==== MATERIAL FOR THIS TASK

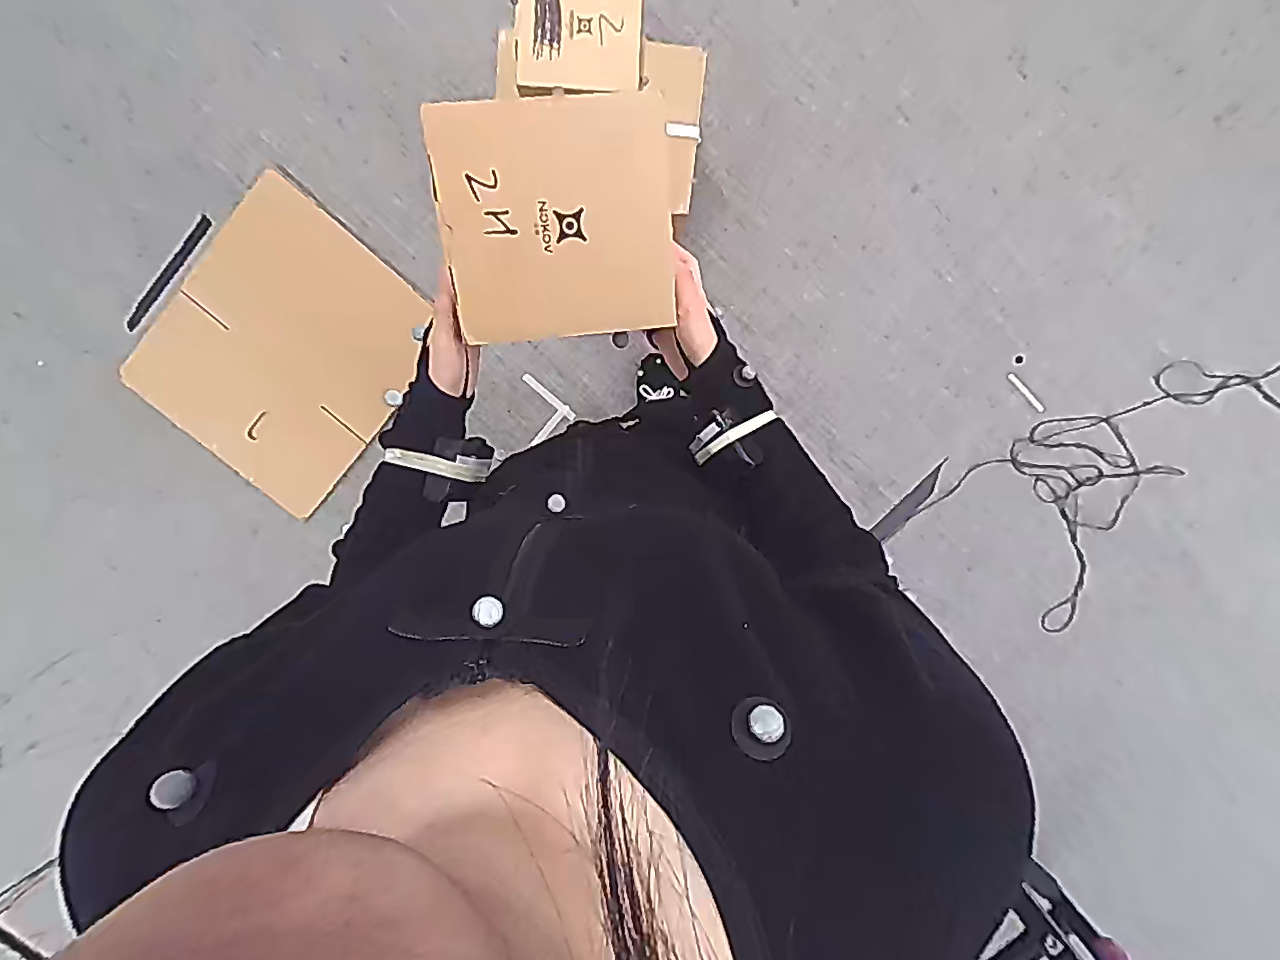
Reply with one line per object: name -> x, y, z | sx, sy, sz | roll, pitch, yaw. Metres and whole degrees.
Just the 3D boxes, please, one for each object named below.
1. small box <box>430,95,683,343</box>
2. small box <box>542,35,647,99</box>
small box -> -0.065, -0.221, 0.482 | 0.179, 0.176, 0.168 | -6, 111, -5
small box -> -0.080, -0.668, 0.990 | 0.179, 0.176, 0.168 | 2, 100, -2
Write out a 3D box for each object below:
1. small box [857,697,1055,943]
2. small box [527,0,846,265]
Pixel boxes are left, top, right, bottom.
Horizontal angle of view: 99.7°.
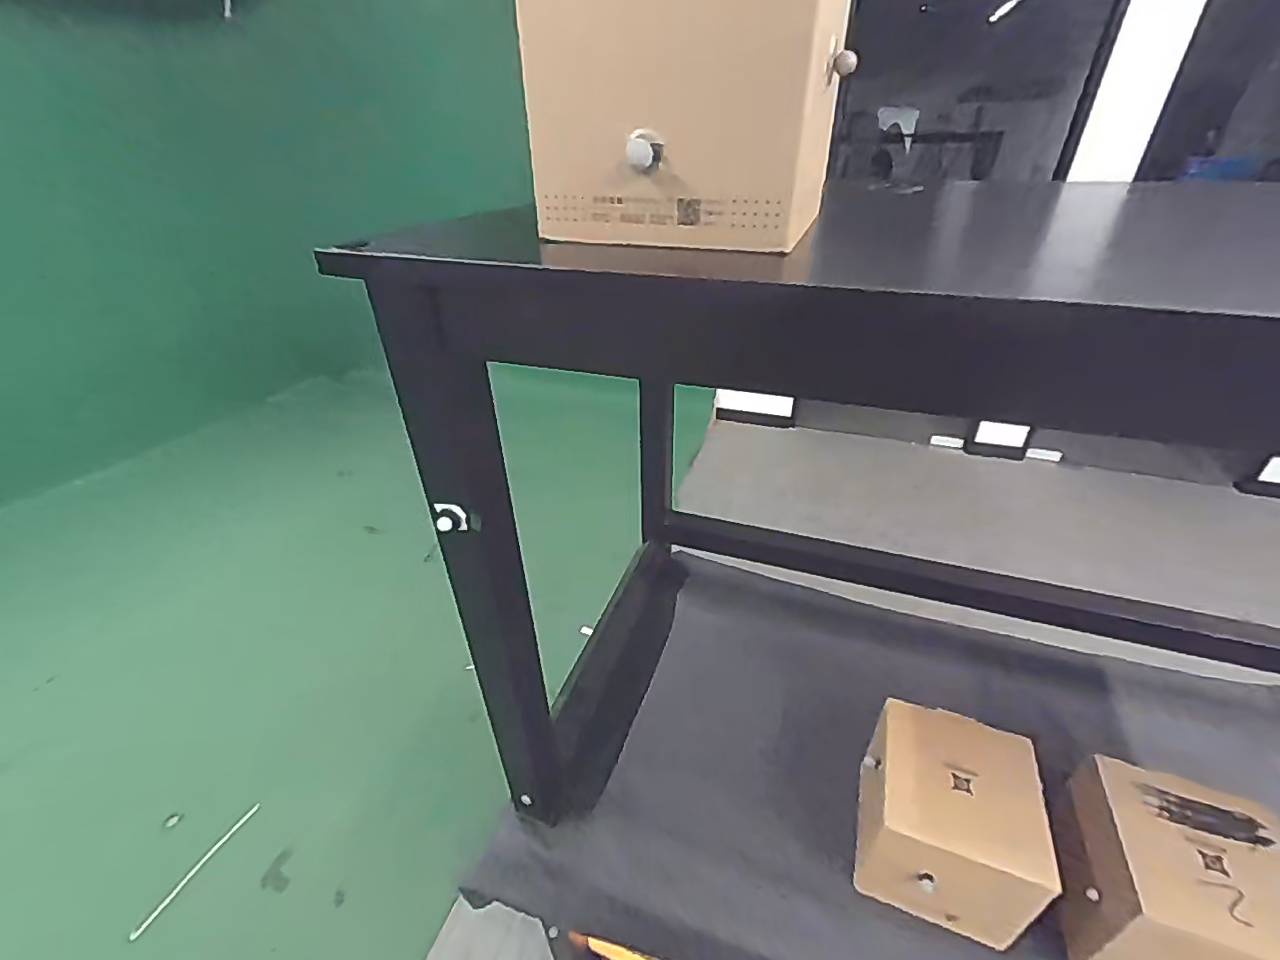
[{"bbox_3d":[0.370,0.413,0.665,0.168,0.176,0.179,11,34,19],"label":"small box"},{"bbox_3d":[0.036,-0.254,0.363,0.168,0.176,0.179,10,35,18],"label":"small box"}]

========

**EXERCISE OBJECTIVE**
Write out the records above exactly. Begin with the first line, end with the line holding "Pixel boxes are left, top, right, bottom.", and drop the pictures.

**SOLUTION**
Reply with one line per object: name -> x, y, z | sx, sy, sz | roll, pitch, yaw. Metres and whole degrees.
Just the 3D boxes, please, one for each object named below.
1. small box <box>430,95,683,343</box>
2. small box <box>542,35,647,99</box>
small box -> -0.065, -0.221, 0.482 | 0.179, 0.176, 0.168 | -6, 111, -5
small box -> -0.080, -0.668, 0.990 | 0.179, 0.176, 0.168 | 2, 100, -2
Write out a 3D box for each object below:
1. small box [857,697,1055,943]
2. small box [527,0,846,265]
Pixel boxes are left, top, right, bottom.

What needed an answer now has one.